● **About this task**: When you reach the line in the data below that contains "subtitle 4. Uitvoering [248, 489, 1163, 511]", please start repeating lines exactly, and stop after the line that contains "text Kamerstukken II", repeating nothing else.
── Provided information ──
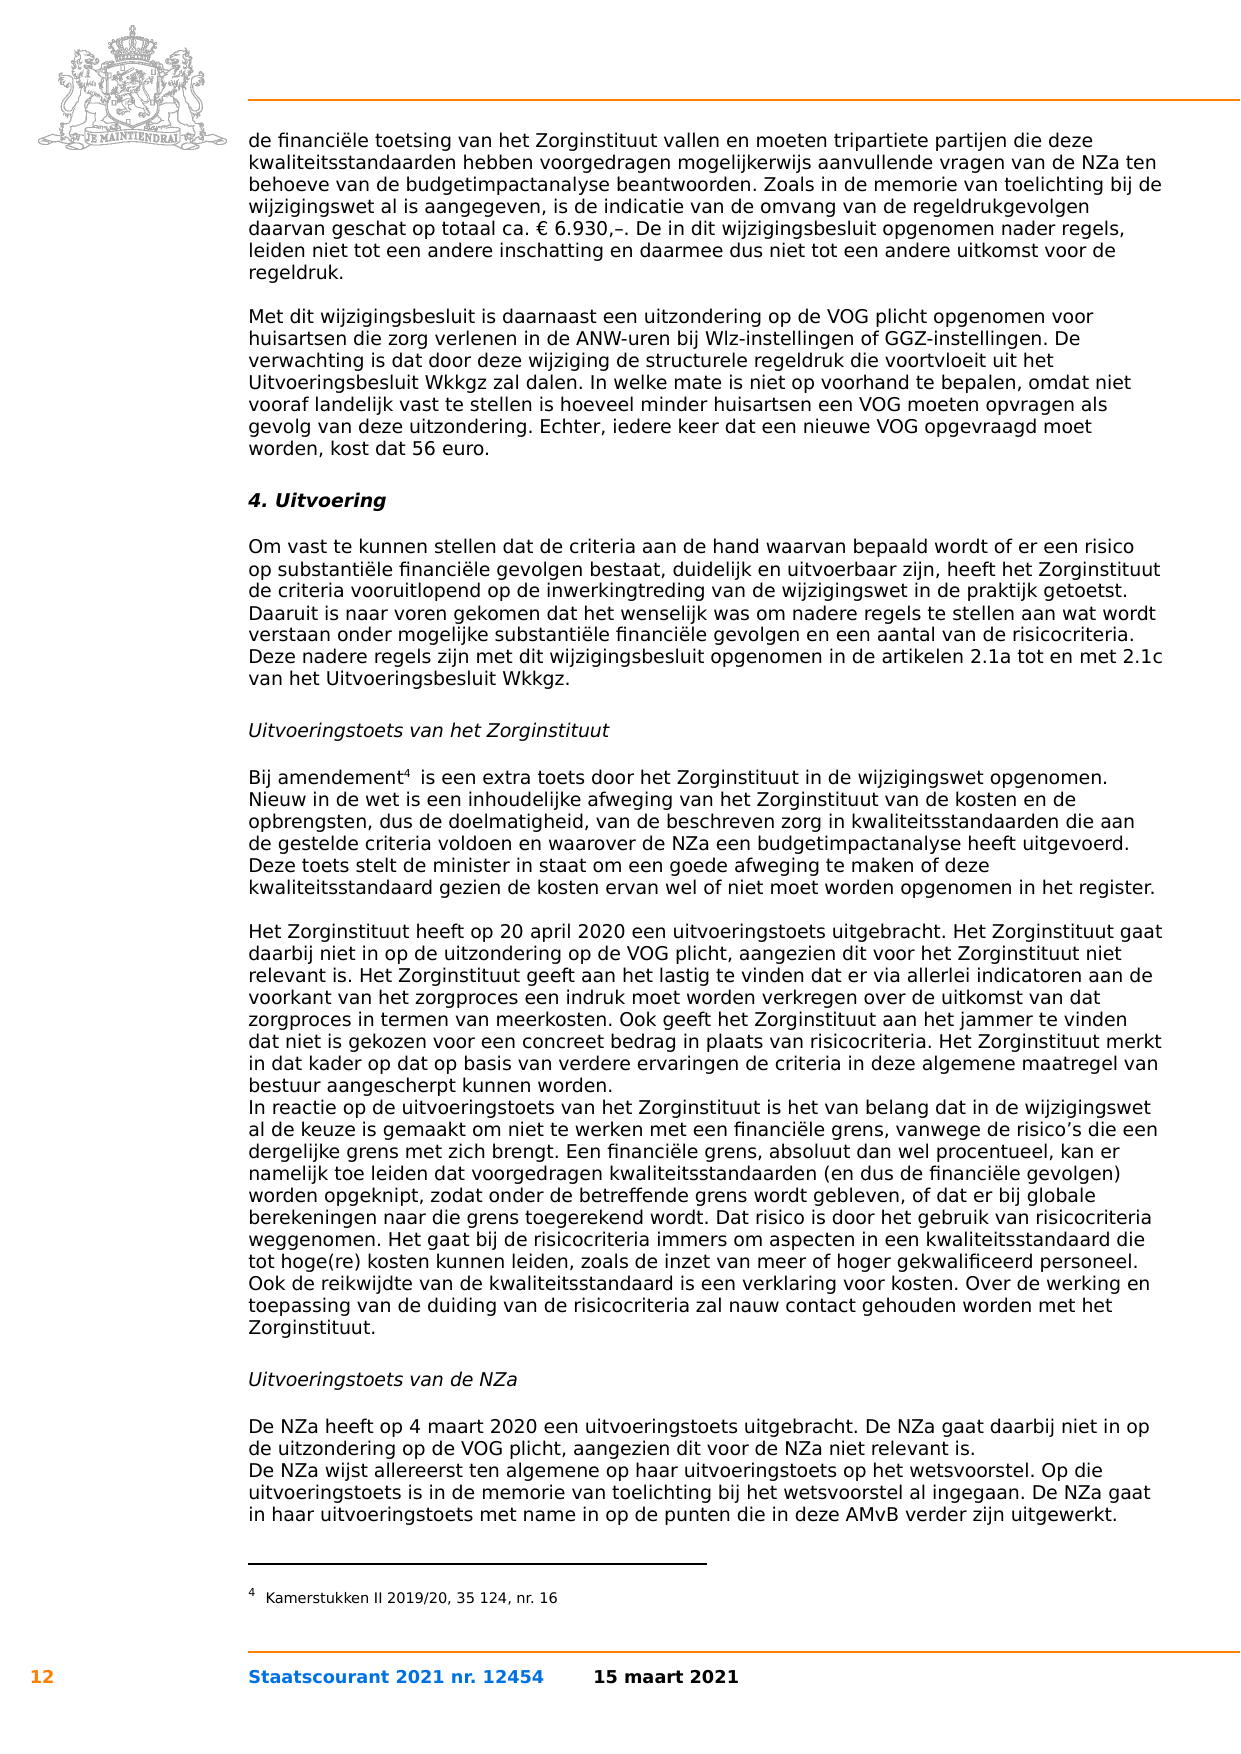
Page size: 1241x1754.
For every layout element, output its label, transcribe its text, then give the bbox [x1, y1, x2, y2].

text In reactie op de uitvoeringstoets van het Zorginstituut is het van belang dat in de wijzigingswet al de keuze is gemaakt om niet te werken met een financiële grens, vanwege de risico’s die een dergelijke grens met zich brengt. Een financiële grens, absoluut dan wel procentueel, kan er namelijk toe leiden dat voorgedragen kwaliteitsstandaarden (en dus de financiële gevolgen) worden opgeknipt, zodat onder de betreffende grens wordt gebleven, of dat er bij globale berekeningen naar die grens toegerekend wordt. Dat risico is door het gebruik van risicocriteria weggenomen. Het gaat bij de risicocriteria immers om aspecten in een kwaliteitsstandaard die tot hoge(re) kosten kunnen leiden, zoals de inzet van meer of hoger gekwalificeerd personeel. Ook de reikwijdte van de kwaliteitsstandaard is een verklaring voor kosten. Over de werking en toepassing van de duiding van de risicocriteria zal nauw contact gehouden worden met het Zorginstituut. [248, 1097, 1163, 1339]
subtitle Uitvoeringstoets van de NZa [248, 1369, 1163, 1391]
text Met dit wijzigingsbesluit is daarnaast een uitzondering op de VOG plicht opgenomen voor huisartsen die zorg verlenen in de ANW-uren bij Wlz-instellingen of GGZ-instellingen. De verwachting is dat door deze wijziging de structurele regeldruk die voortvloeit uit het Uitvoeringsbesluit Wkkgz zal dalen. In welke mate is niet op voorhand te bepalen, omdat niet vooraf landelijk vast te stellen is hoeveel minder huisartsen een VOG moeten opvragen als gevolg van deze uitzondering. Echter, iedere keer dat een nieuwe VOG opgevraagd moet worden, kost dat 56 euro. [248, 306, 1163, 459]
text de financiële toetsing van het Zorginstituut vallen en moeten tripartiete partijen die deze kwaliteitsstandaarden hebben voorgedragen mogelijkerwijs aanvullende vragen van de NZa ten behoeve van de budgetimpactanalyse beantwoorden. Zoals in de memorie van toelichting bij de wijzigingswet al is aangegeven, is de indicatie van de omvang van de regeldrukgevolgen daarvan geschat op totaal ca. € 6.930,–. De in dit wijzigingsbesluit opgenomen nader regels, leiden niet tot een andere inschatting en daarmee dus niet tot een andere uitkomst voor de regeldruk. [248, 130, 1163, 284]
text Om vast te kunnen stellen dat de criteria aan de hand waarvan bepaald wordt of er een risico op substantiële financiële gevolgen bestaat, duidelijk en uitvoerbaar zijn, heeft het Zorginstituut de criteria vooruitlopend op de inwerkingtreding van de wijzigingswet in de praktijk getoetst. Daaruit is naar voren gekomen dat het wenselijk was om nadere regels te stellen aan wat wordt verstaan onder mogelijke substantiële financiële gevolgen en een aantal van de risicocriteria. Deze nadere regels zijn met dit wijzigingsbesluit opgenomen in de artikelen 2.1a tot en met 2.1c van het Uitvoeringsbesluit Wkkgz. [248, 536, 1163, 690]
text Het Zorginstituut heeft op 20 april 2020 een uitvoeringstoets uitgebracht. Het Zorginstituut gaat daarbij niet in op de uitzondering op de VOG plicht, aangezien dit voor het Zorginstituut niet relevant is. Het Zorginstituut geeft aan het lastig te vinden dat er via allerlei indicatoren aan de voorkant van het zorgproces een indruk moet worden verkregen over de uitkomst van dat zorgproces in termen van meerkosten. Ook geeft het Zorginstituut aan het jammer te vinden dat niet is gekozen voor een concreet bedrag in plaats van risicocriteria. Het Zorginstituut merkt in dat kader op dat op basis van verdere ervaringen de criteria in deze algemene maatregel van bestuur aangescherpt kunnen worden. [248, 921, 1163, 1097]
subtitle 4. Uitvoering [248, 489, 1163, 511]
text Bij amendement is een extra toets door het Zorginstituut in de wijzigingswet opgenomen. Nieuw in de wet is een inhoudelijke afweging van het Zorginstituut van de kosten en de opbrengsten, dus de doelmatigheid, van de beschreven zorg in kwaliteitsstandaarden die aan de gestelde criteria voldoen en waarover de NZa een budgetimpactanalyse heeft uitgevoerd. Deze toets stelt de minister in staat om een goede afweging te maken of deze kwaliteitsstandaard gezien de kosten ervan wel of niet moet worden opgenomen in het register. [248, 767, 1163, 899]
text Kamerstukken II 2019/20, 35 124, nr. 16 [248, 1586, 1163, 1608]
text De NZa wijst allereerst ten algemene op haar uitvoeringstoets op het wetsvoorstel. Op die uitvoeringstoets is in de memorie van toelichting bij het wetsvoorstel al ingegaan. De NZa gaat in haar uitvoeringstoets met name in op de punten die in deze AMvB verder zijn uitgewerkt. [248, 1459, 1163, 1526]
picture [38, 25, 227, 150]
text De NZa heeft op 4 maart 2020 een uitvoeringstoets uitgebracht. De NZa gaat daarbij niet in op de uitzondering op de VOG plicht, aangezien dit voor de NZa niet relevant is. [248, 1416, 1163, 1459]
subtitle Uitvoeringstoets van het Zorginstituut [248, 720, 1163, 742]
───
● **Solution for this exercise**:
subtitle 4. Uitvoering [248, 489, 1163, 511]
text Bij amendement is een extra toets door het Zorginstituut in de wijzigingswet opgenomen. Nieuw in de wet is een inhoudelijke afweging van het Zorginstituut van de kosten en de opbrengsten, dus de doelmatigheid, van de beschreven zorg in kwaliteitsstandaarden die aan de gestelde criteria voldoen en waarover de NZa een budgetimpactanalyse heeft uitgevoerd. Deze toets stelt de minister in staat om een goede afweging te maken of deze kwaliteitsstandaard gezien de kosten ervan wel of niet moet worden opgenomen in het register. [248, 767, 1163, 899]
text Kamerstukken II 2019/20, 35 124, nr. 16 [248, 1586, 1163, 1608]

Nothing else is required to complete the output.